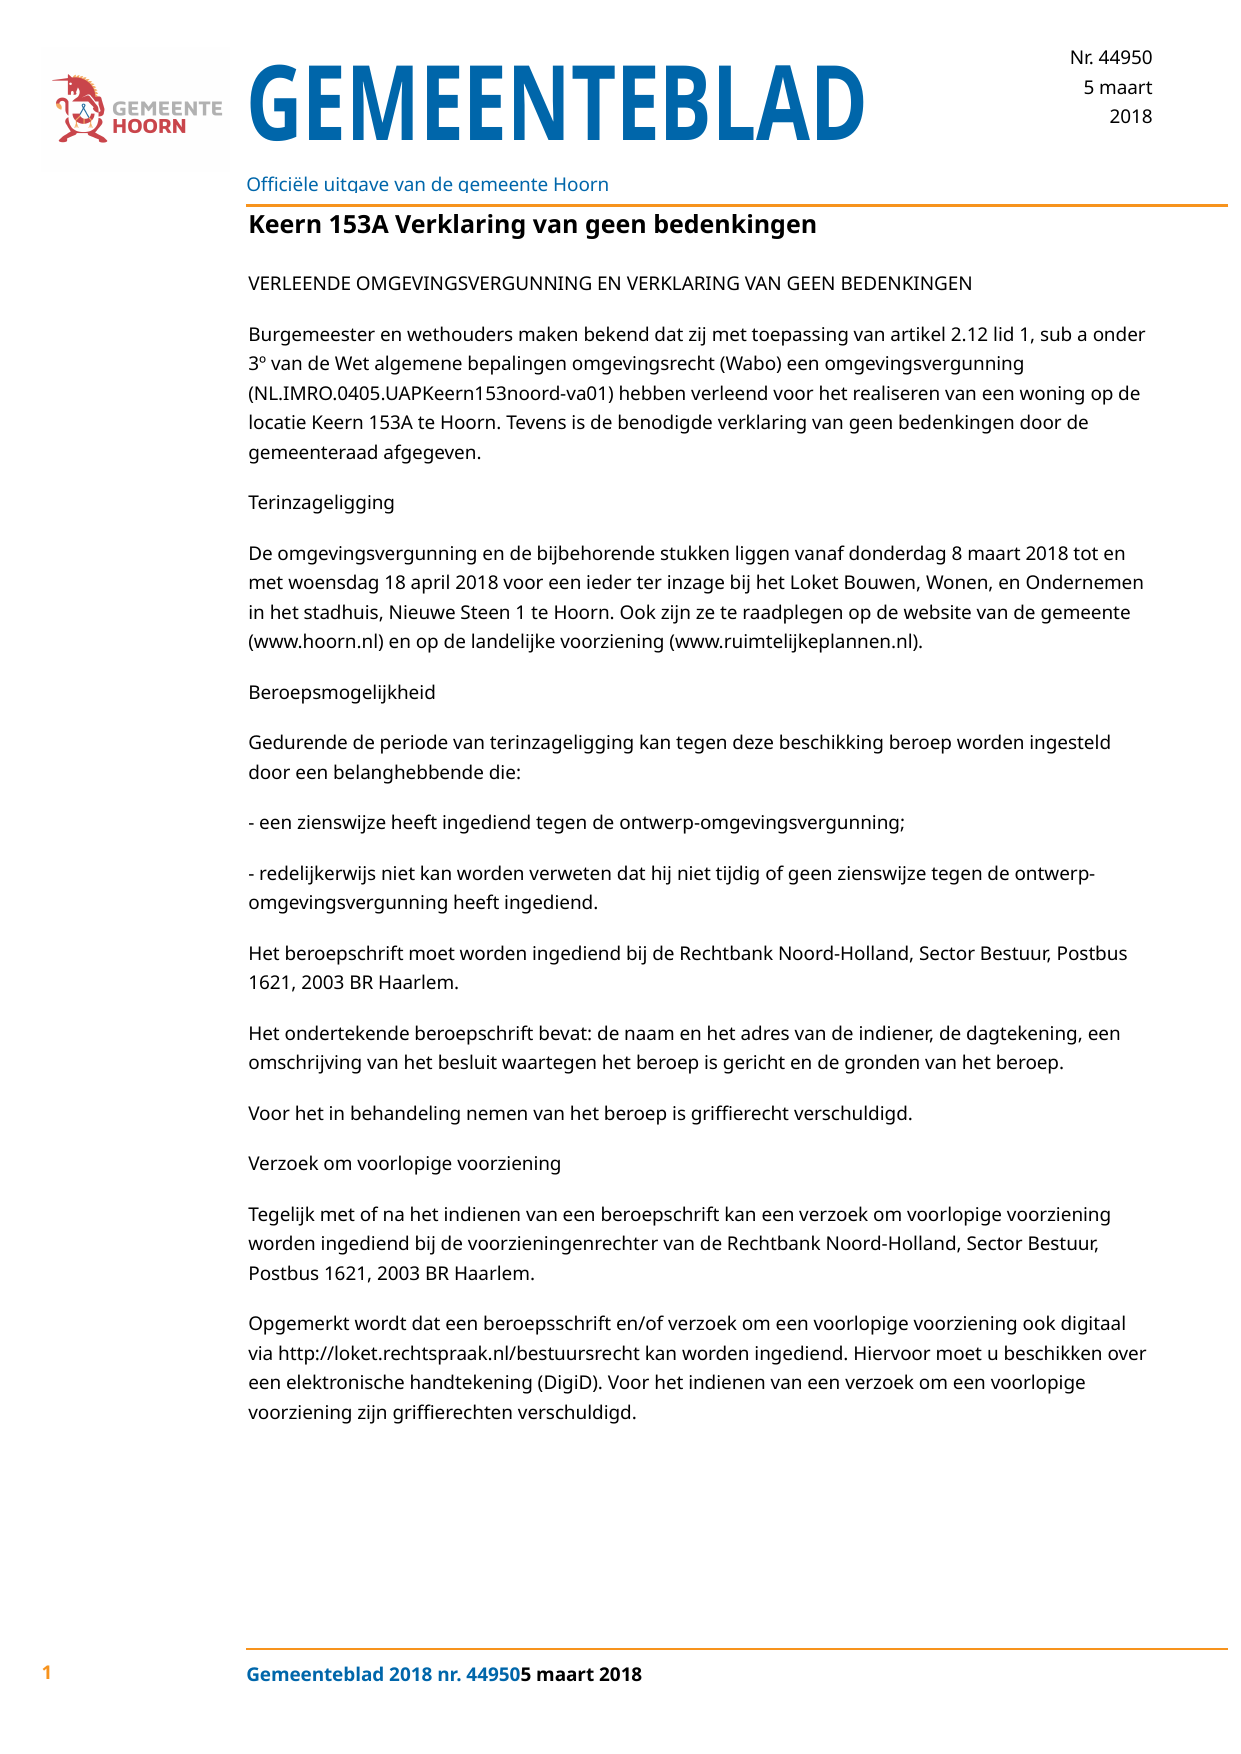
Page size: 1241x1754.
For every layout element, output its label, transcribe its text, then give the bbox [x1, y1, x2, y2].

text De omgevingsvergunning en de bijbehorende stukken liggen vanaf donderdag 8 maart 2018 tot en met woensdag 18 april 2018 voor een ieder ter inzage bij het Loket Bouwen, Wonen, en Ondernemen in het stadhuis, Nieuwe Steen 1 te Hoorn. Ook zijn ze te raadplegen op de website van de gemeente (www.hoorn.nl) en op de landelijke voorziening (www.ruimtelijkeplannen.nl). [248, 540, 1152, 654]
text Tegelijk met of na het indienen van een beroepschrift kan een verzoek om voorlopige voorziening worden ingediend bij de voorzieningenrechter van de Rechtbank Noord-Holland, Sector Bestuur, Postbus 1621, 2003 BR Haarlem. [248, 1201, 1152, 1286]
text Voor het in behandeling nemen van het beroep is griffierecht verschuldigd. [248, 1100, 1152, 1126]
text - een zienswijze heeft ingediend tegen de ontwerp-omgevingsvergunning; [248, 809, 1152, 835]
text Gedurende de periode van terinzageligging kan tegen deze beschikking beroep worden ingesteld door een belanghebbende die: [248, 729, 1152, 785]
text Het ondertekende beroepschrift bevat: de naam en het adres van de indiener, de dagtekening, een omschrijving van het besluit waartegen het beroep is gericht en de gronden van het beroep. [248, 1020, 1152, 1075]
text Terinzageligging [248, 489, 1152, 515]
text - redelijkerwijs niet kan worden verweten dat hij niet tijdig of geen zienswijze tegen de ontwerp-omgevingsvergunning heeft ingediend. [248, 860, 1152, 915]
text Het beroepschrift moet worden ingediend bij de Rechtbank Noord-Holland, Sector Bestuur, Postbus 1621, 2003 BR Haarlem. [248, 940, 1152, 995]
text Burgemeester en wethouders maken bekend dat zij met toepassing van artikel 2.12 lid 1, sub a onder 3º van de Wet algemene bepalingen omgevingsrecht (Wabo) een omgevingsvergunning (NL.IMRO.0405.UAPKeern153noord-va01) hebben verleend voor het realiseren van een woning op de locatie Keern 153A te Hoorn. Tevens is de benodigde verklaring van geen bedenkingen door de gemeenteraad afgegeven. [248, 321, 1152, 465]
text VERLEENDE OMGEVINGSVERGUNNING EN VERKLARING VAN GEEN BEDENKINGEN [248, 270, 1152, 296]
text Keern 153A Verklaring van geen bedenkingen [248, 207, 1152, 241]
text Verzoek om voorlopige voorziening [248, 1150, 1152, 1176]
picture [41, 47, 231, 172]
text Beroepsmogelijkheid [248, 679, 1152, 705]
text Opgemerkt wordt dat een beroepsschrift en/of verzoek om een voorlopige voorziening ook digitaal via http://loket.rechtspraak.nl/bestuursrecht kan worden ingediend. Hiervoor moet u beschikken over een elektronische handtekening (DigiD). Voor het indienen van een verzoek om een voorlopige voorziening zijn griffierechten verschuldigd. [248, 1310, 1152, 1425]
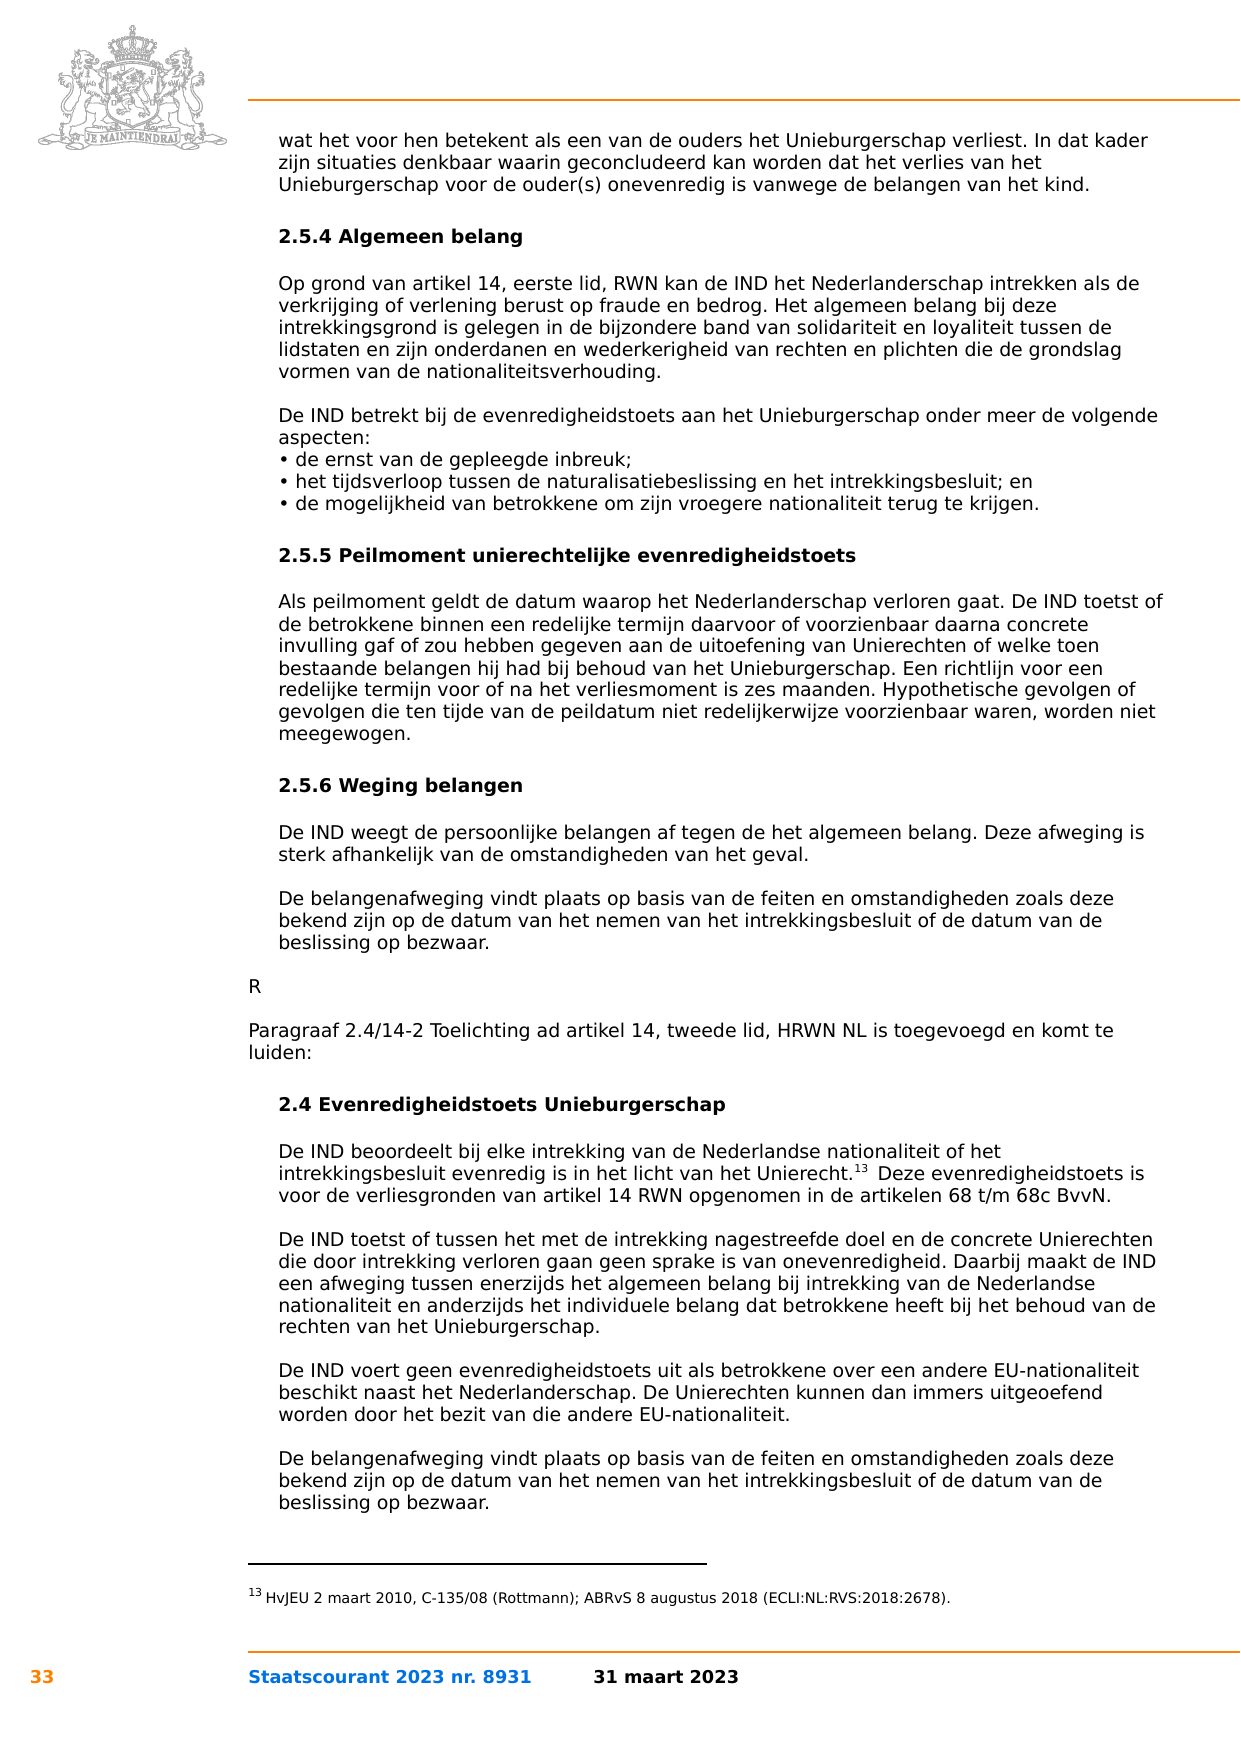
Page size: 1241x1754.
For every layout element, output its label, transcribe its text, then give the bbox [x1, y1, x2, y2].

text De belangenafweging vindt plaats op basis van de feiten en omstandigheden zoals deze bekend zijn op de datum van het nemen van het intrekkingsbesluit of de datum van de beslissing op bezwaar. [278, 1448, 1163, 1514]
text • de ernst van de gepleegde inbreuk; [278, 448, 1163, 471]
text De IND betrekt bij de evenredigheidstoets aan het Unieburgerschap onder meer de volgende aspecten: [278, 404, 1163, 448]
text De IND beoordeelt bij elke intrekking van de Nederlandse nationaliteit of het intrekkingsbesluit evenredig is in het licht van het Unierecht. Deze evenredigheidstoets is voor de verliesgronden van artikel 14 RWN opgenomen in de artikelen 68 t/m 68c BvvN. [278, 1141, 1163, 1207]
text De IND toetst of tussen het met de intrekking nagestreefde doel en de concrete Unierechten die door intrekking verloren gaan geen sprake is van onevenredigheid. Daarbij maakt de IND een afweging tussen enerzijds het algemeen belang bij intrekking van de Nederlandse nationaliteit en anderzijds het individuele belang dat betrokkene heeft bij het behoud van de rechten van het Unieburgerschap. [278, 1228, 1163, 1338]
subtitle 2.4 Evenredigheidstoets Unieburgerschap [278, 1094, 1163, 1116]
text De belangenafweging vindt plaats op basis van de feiten en omstandigheden zoals deze bekend zijn op de datum van het nemen van het intrekkingsbesluit of de datum van de beslissing op bezwaar. [278, 888, 1163, 954]
text Als peilmoment geldt de datum waarop het Nederlanderschap verloren gaat. De IND toetst of de betrokkene binnen een redelijke termijn daarvoor of voorzienbaar daarna concrete invulling gaf of zou hebben gegeven aan de uitoefening van Unierechten of welke toen bestaande belangen hij had bij behoud van het Unieburgerschap. Een richtlijn voor een redelijke termijn voor of na het verliesmoment is zes maanden. Hypothetische gevolgen of gevolgen die ten tijde van de peildatum niet redelijkerwijze voorzienbaar waren, worden niet meegewogen. [278, 591, 1163, 745]
text De IND voert geen evenredigheidstoets uit als betrokkene over een andere EU-nationaliteit beschikt naast het Nederlanderschap. De Unierechten kunnen dan immers uitgeoefend worden door het bezit van die andere EU-nationaliteit. [278, 1360, 1163, 1426]
text De IND weegt de persoonlijke belangen af tegen de het algemeen belang. Deze afweging is sterk afhankelijk van de omstandigheden van het geval. [278, 822, 1163, 866]
text wat het voor hen betekent als een van de ouders het Unieburgerschap verliest. In dat kader zijn situaties denkbaar waarin geconcludeerd kan worden dat het verlies van het Unieburgerschap voor de ouder(s) onevenredig is vanwege de belangen van het kind. [278, 130, 1163, 196]
picture [38, 25, 227, 150]
subtitle 2.5.6 Weging belangen [278, 775, 1163, 797]
subtitle 2.5.5 Peilmoment unierechtelijke evenredigheidstoets [278, 544, 1163, 566]
text • de mogelijkheid van betrokkene om zijn vroegere nationaliteit terug te krijgen. [278, 492, 1163, 514]
text R [248, 976, 1163, 998]
text • het tijdsverloop tussen de naturalisatiebeslissing en het intrekkingsbesluit; en [278, 471, 1163, 492]
subtitle 2.5.4 Algemeen belang [278, 226, 1163, 248]
text Paragraaf 2.4/14-2 Toelichting ad artikel 14, tweede lid, HRWN NL is toegevoegd en komt te luiden: [248, 1020, 1163, 1064]
text Op grond van artikel 14, eerste lid, RWN kan de IND het Nederlanderschap intrekken als de verkrijging of verlening berust op fraude en bedrog. Het algemeen belang bij deze intrekkingsgrond is gelegen in de bijzondere band van solidariteit en loyaliteit tussen de lidstaten en zijn onderdanen en wederkerigheid van rechten en plichten die de grondslag vormen van de nationaliteitsverhouding. [278, 273, 1163, 383]
text HvJEU 2 maart 2010, C-135/08 (Rottmann); ABRvS 8 augustus 2018 (ECLI:NL:RVS:2018:2678). [248, 1586, 1163, 1608]
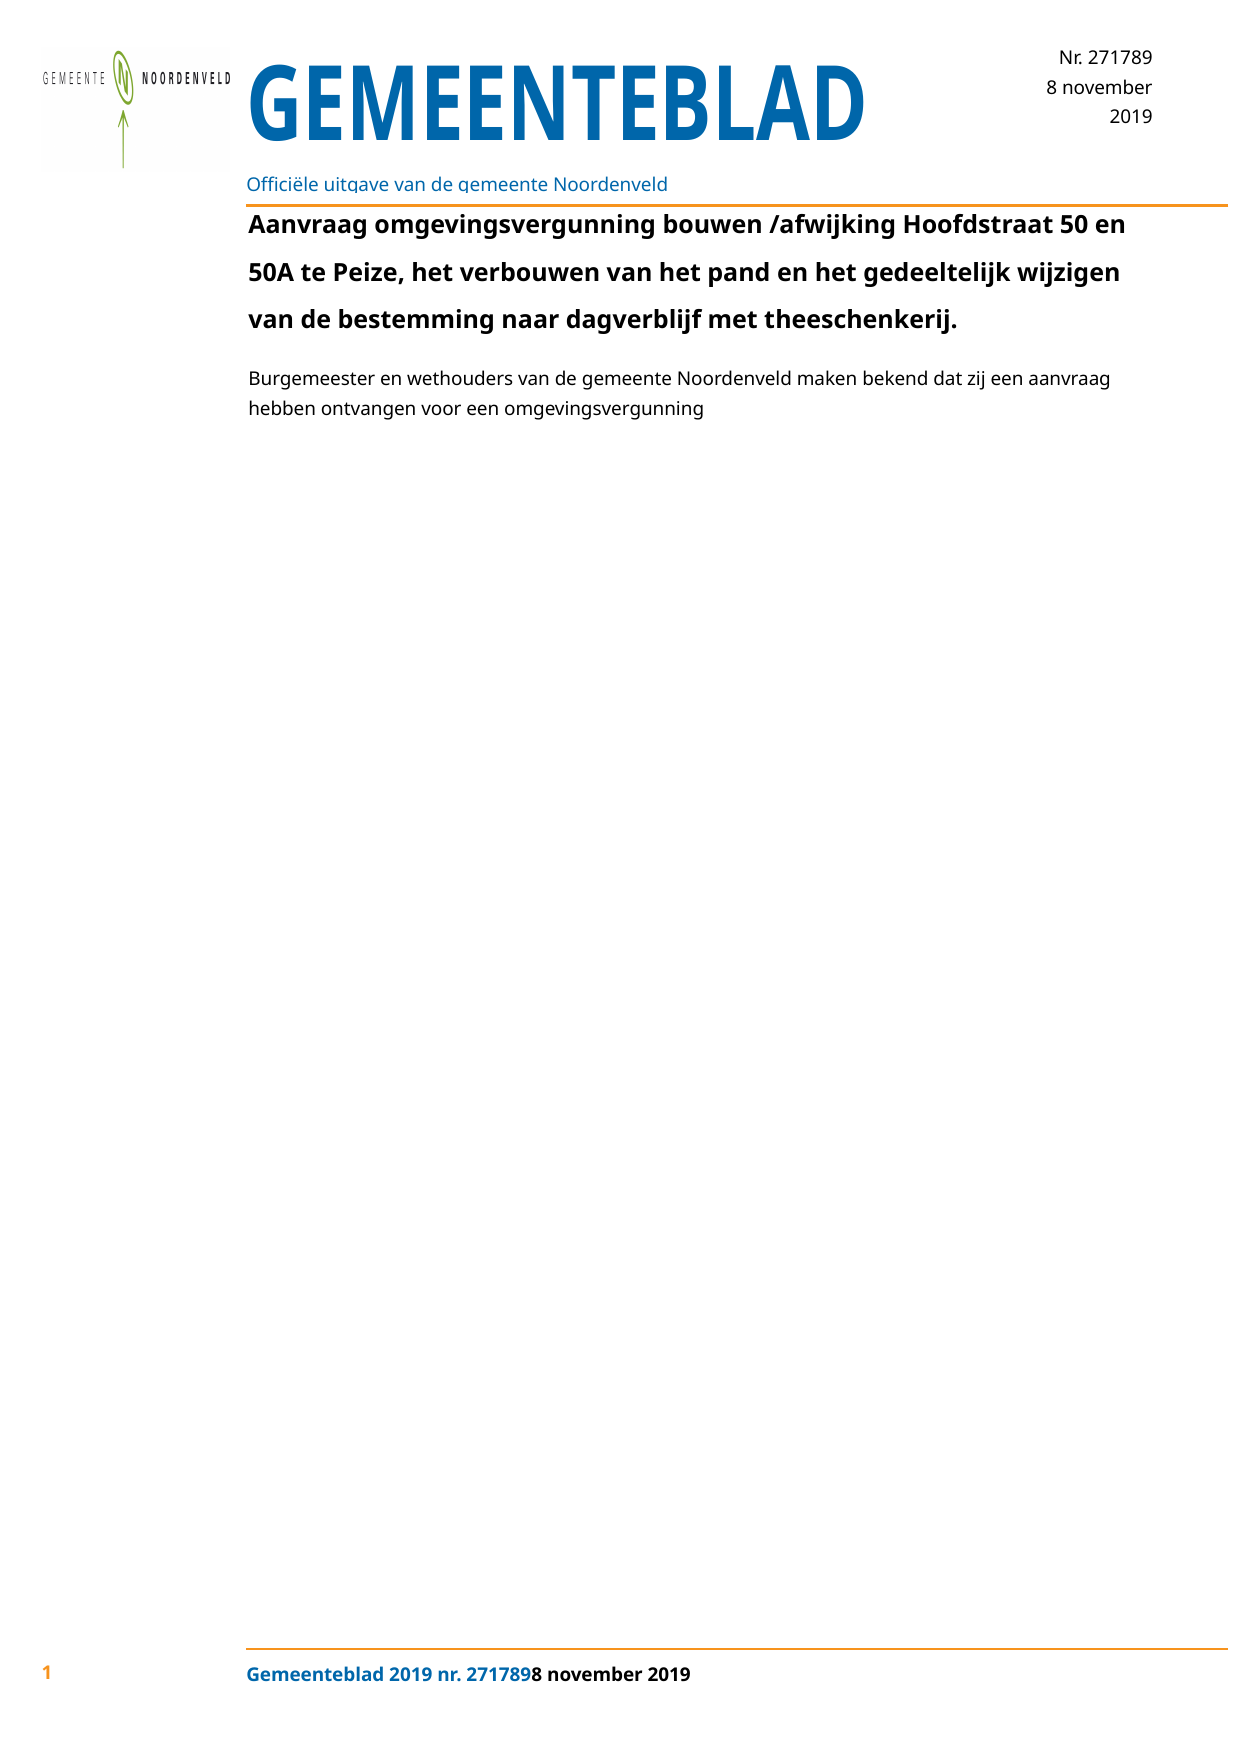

___

ASSIGNMENT: Reproduce only the lines of the records from the start up to and including the line that holds "text Burgemeester en"; do not carry over any picture.

RESPONSE TO THE TASK:
Page size: 1241x1754.
For every layout element, output its label, transcribe its text, then give the bbox [x1, y1, x2, y2].

text De omgevingsvergunning en de bijbehorende stukken liggen vanaf donderdag 8 maart 2018 tot en met woensdag 18 april 2018 voor een ieder ter inzage bij het Loket Bouwen, Wonen, en Ondernemen in het stadhuis, Nieuwe Steen 1 te Hoorn. Ook zijn ze te raadplegen op de website van de gemeente (www.hoorn.nl) en op de landelijke voorziening (www.ruimtelijkeplannen.nl). [248, 540, 1152, 654]
text Tegelijk met of na het indienen van een beroepschrift kan een verzoek om voorlopige voorziening worden ingediend bij de voorzieningenrechter van de Rechtbank Noord-Holland, Sector Bestuur, Postbus 1621, 2003 BR Haarlem. [248, 1201, 1152, 1286]
text Voor het in behandeling nemen van het beroep is griffierecht verschuldigd. [248, 1100, 1152, 1126]
text - een zienswijze heeft ingediend tegen de ontwerp-omgevingsvergunning; [248, 809, 1152, 835]
text Gedurende de periode van terinzageligging kan tegen deze beschikking beroep worden ingesteld door een belanghebbende die: [248, 729, 1152, 785]
text Het ondertekende beroepschrift bevat: de naam en het adres van de indiener, de dagtekening, een omschrijving van het besluit waartegen het beroep is gericht en de gronden van het beroep. [248, 1020, 1152, 1075]
text Terinzageligging [248, 489, 1152, 515]
text - redelijkerwijs niet kan worden verweten dat hij niet tijdig of geen zienswijze tegen de ontwerp-omgevingsvergunning heeft ingediend. [248, 860, 1152, 915]
text Het beroepschrift moet worden ingediend bij de Rechtbank Noord-Holland, Sector Bestuur, Postbus 1621, 2003 BR Haarlem. [248, 940, 1152, 995]
text Burgemeester en wethouders maken bekend dat zij met toepassing van artikel 2.12 lid 1, sub a onder 3º van de Wet algemene bepalingen omgevingsrecht (Wabo) een omgevingsvergunning (NL.IMRO.0405.UAPKeern153noord-va01) hebben verleend voor het realiseren van een woning op de locatie Keern 153A te Hoorn. Tevens is de benodigde verklaring van geen bedenkingen door de gemeenteraad afgegeven. [248, 321, 1152, 465]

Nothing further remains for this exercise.